• [How to complete this task]:
Copy every line below where the string "Given" is found.

• [Data listing]:
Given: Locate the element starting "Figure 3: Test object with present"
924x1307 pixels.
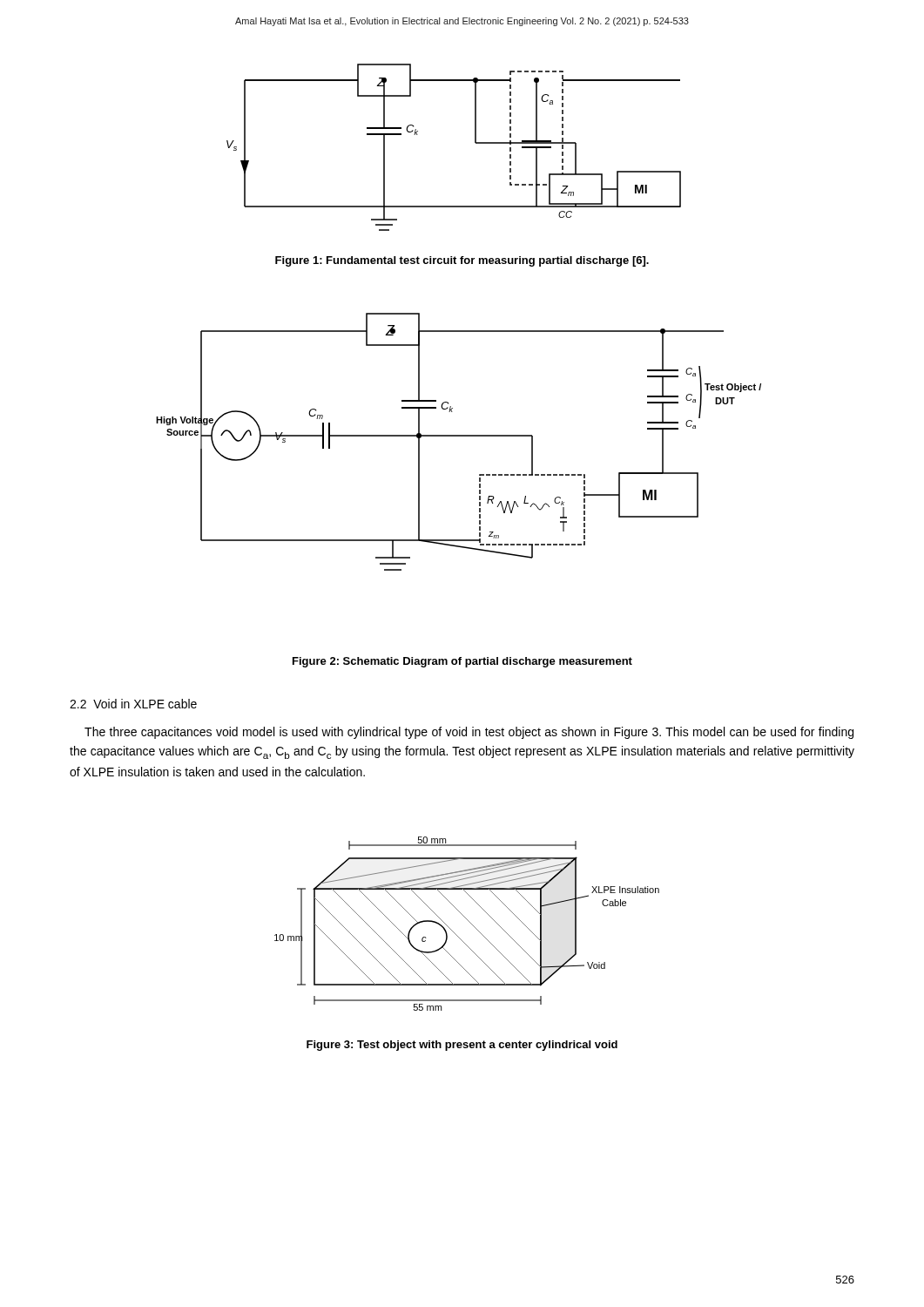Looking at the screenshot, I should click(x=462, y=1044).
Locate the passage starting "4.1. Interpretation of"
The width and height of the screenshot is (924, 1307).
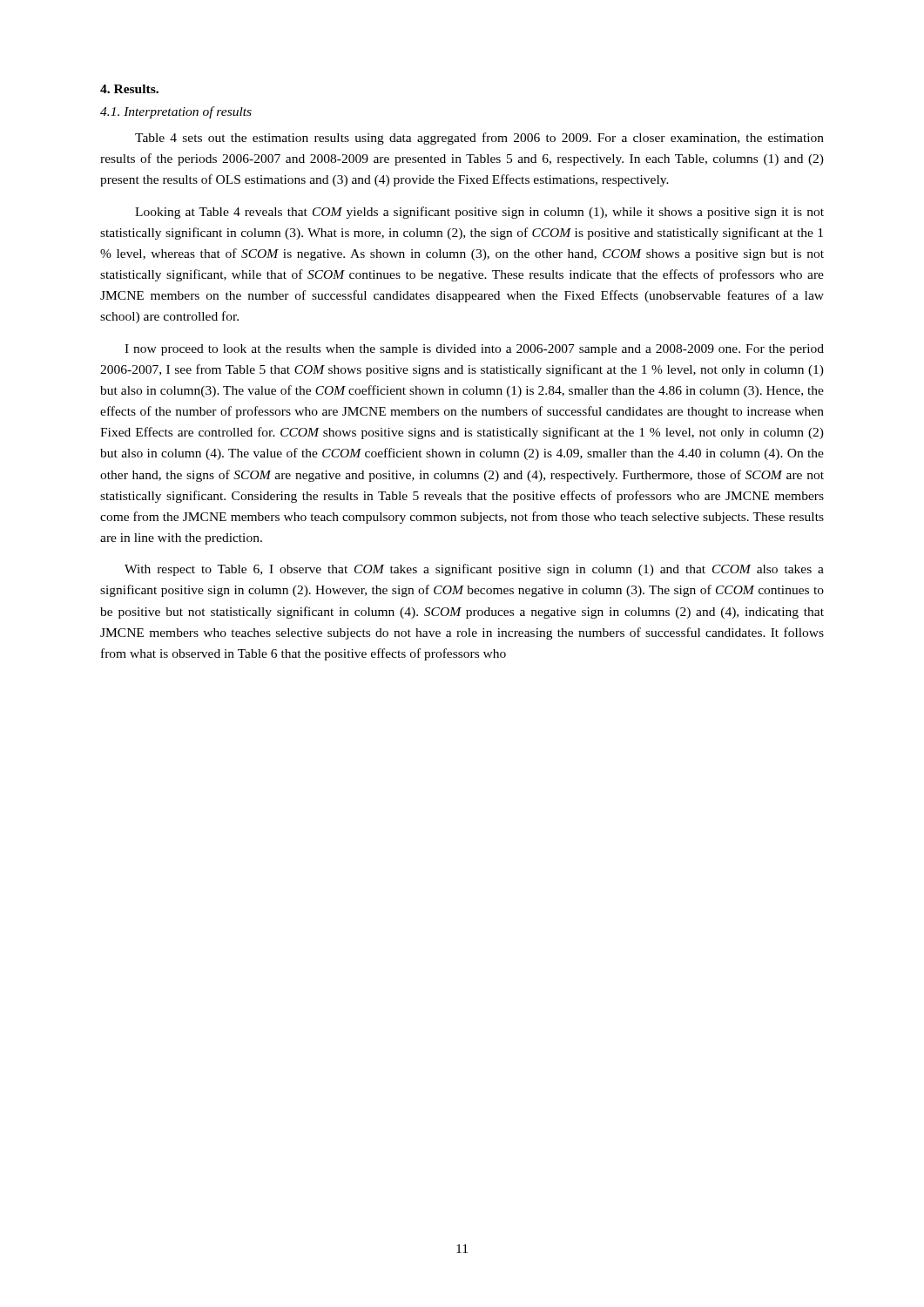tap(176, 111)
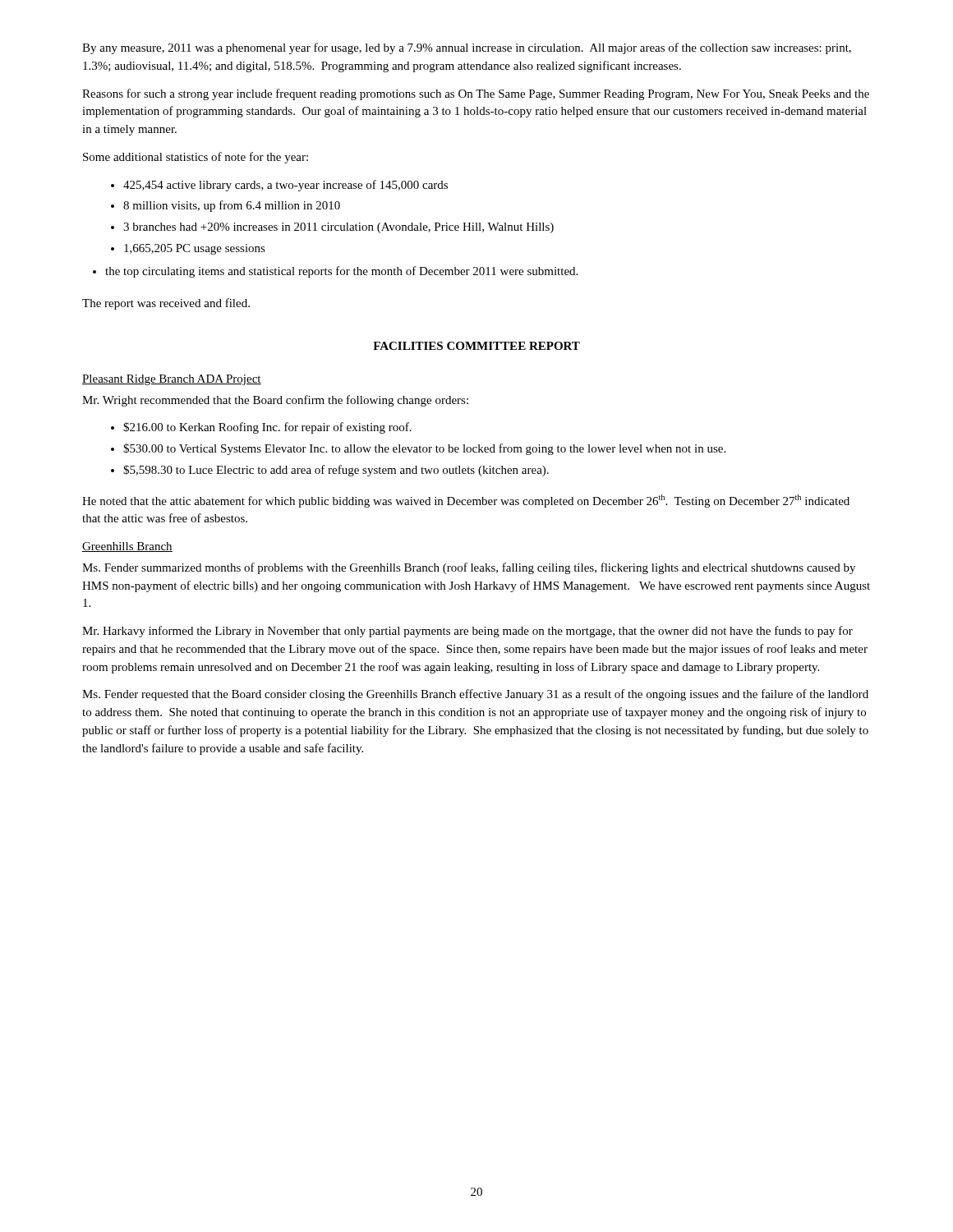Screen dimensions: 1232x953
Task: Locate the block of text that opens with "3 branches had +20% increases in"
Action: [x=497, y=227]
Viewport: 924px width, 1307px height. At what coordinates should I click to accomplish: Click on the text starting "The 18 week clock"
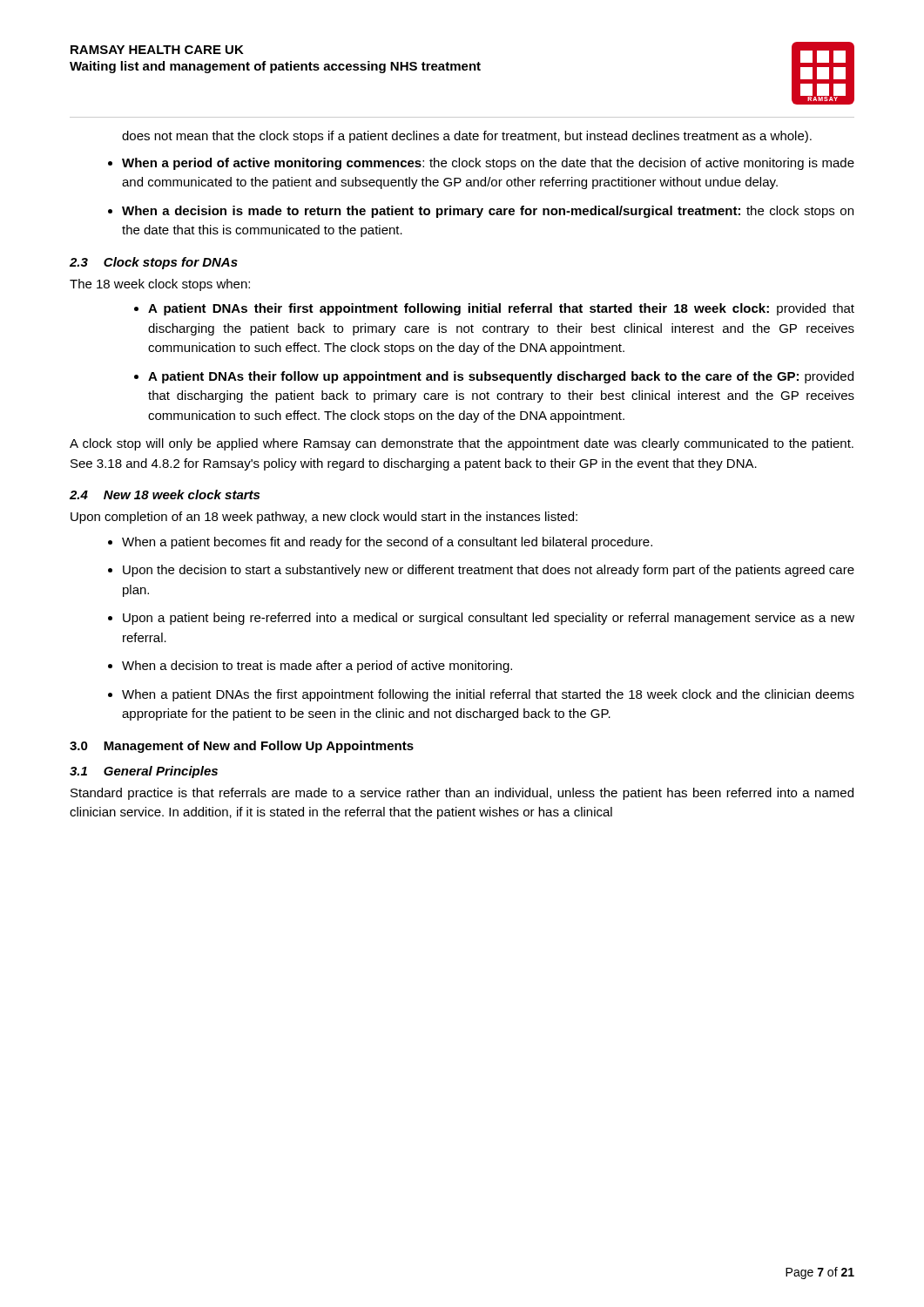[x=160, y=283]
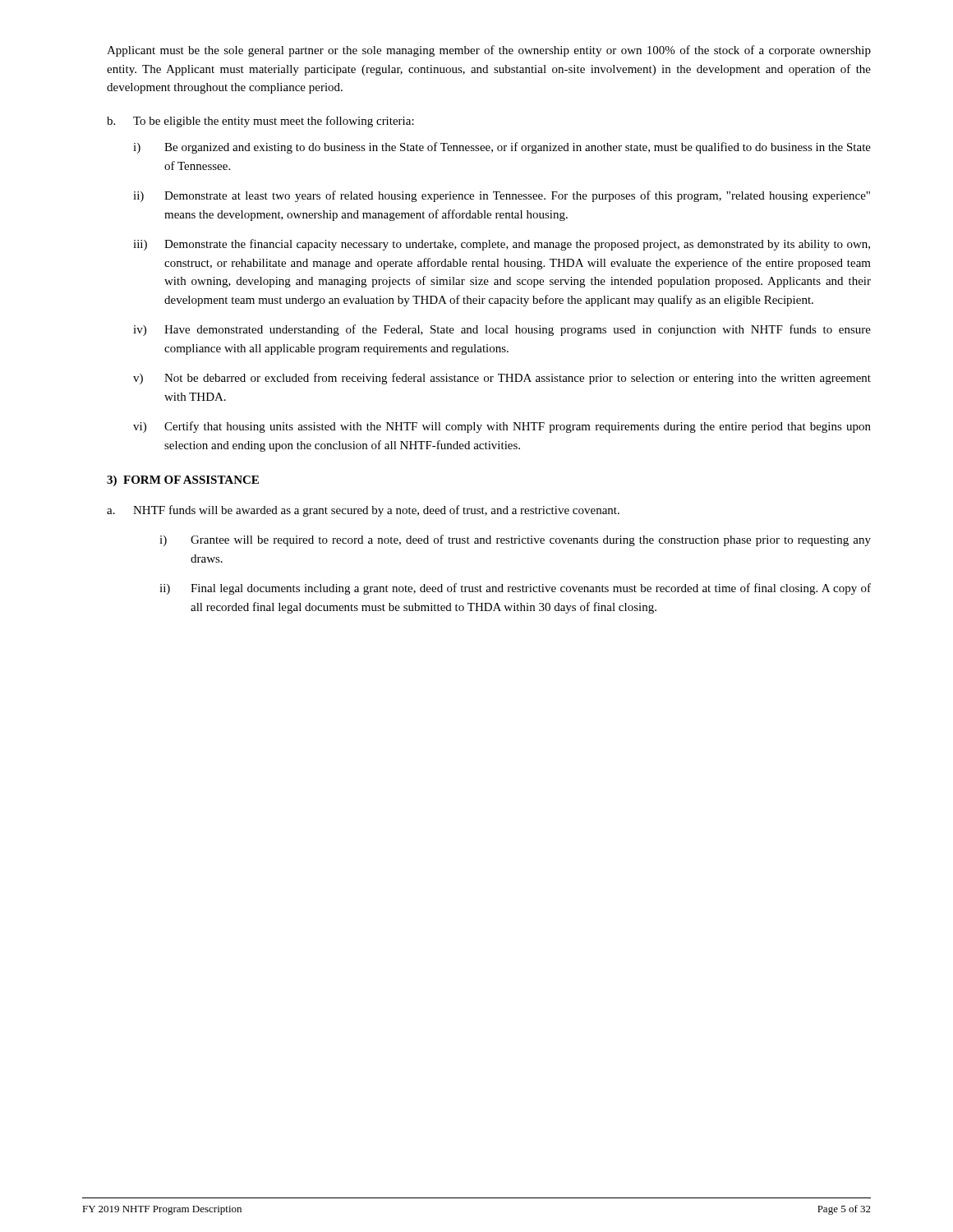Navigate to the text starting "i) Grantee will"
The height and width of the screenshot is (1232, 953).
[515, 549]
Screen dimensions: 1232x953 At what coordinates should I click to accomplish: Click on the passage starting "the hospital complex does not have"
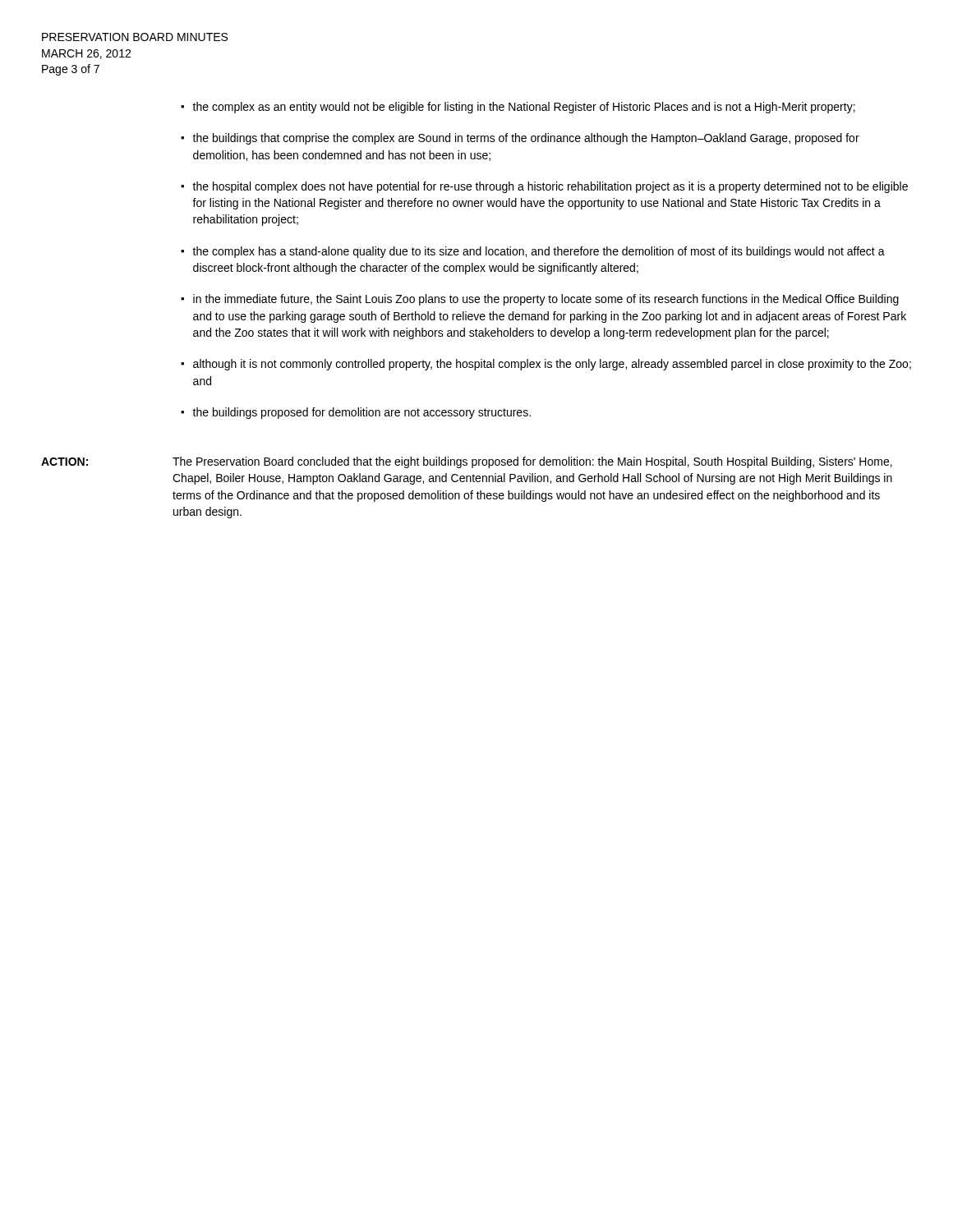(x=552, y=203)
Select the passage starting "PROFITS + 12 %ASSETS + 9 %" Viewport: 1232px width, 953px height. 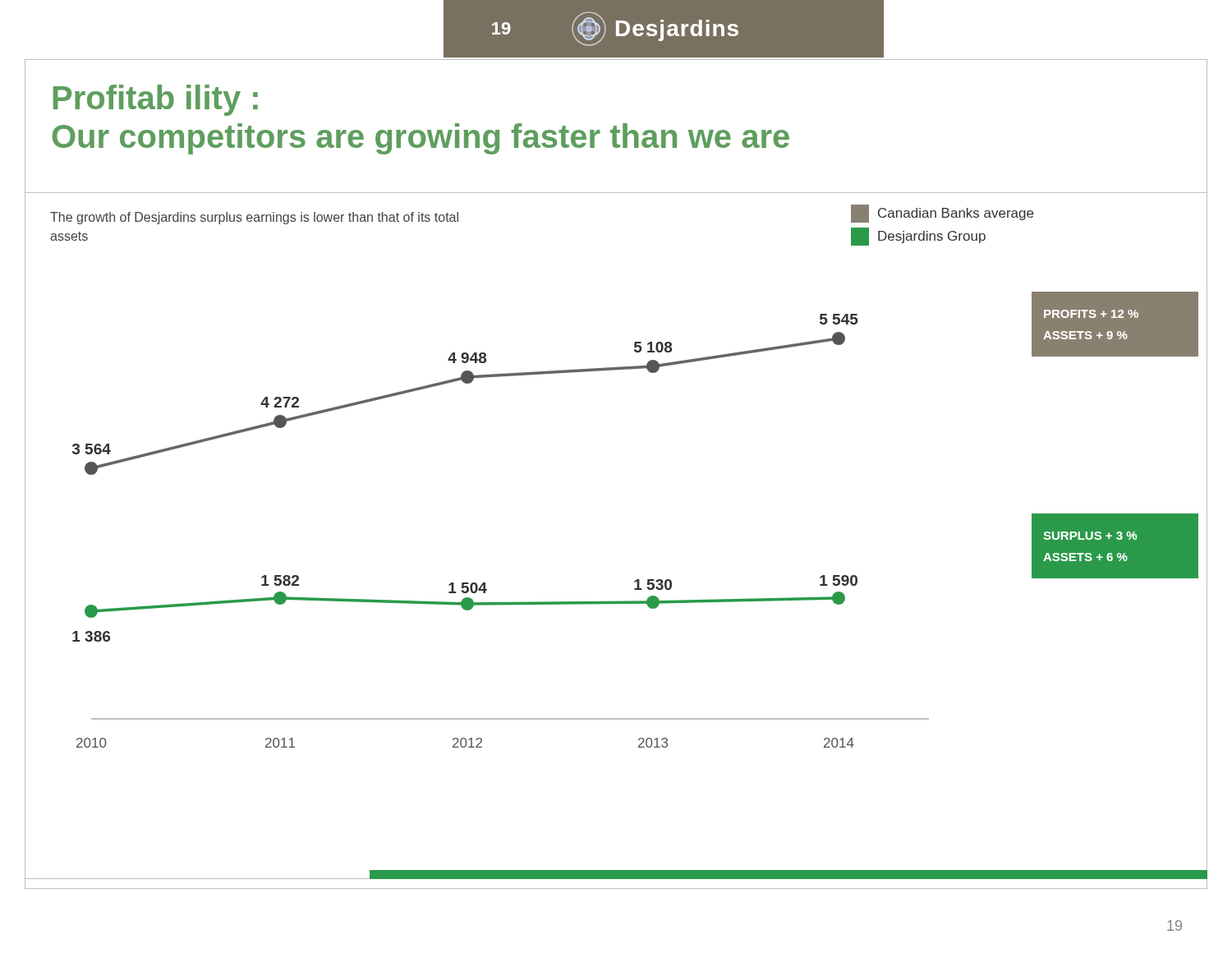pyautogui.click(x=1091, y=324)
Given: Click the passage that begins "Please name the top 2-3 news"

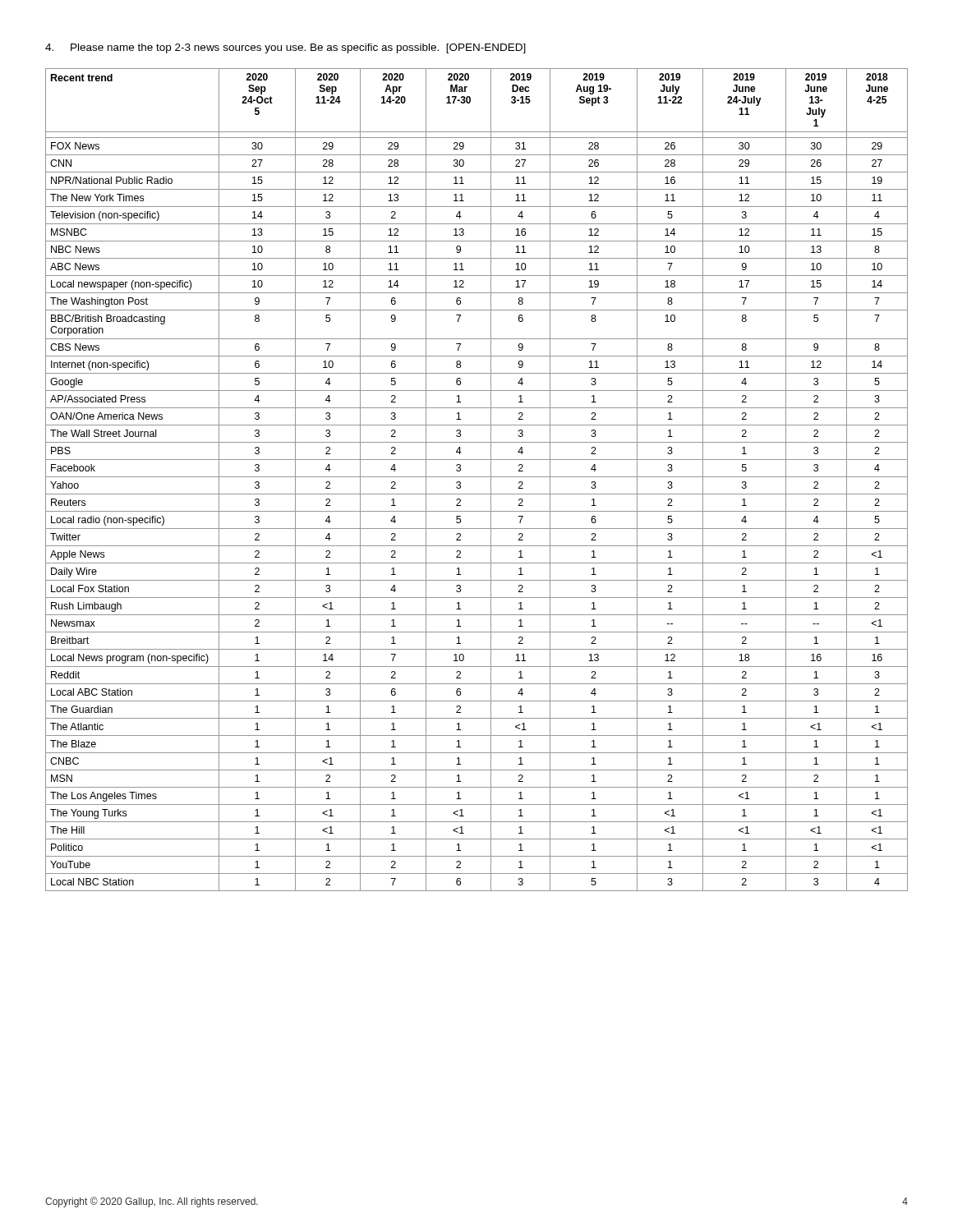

• [Exercise output]:
Given: Locate the element starting "Figure 3: Test object with present"
Given: Click the passage that begins "Please name the top 2-3 news"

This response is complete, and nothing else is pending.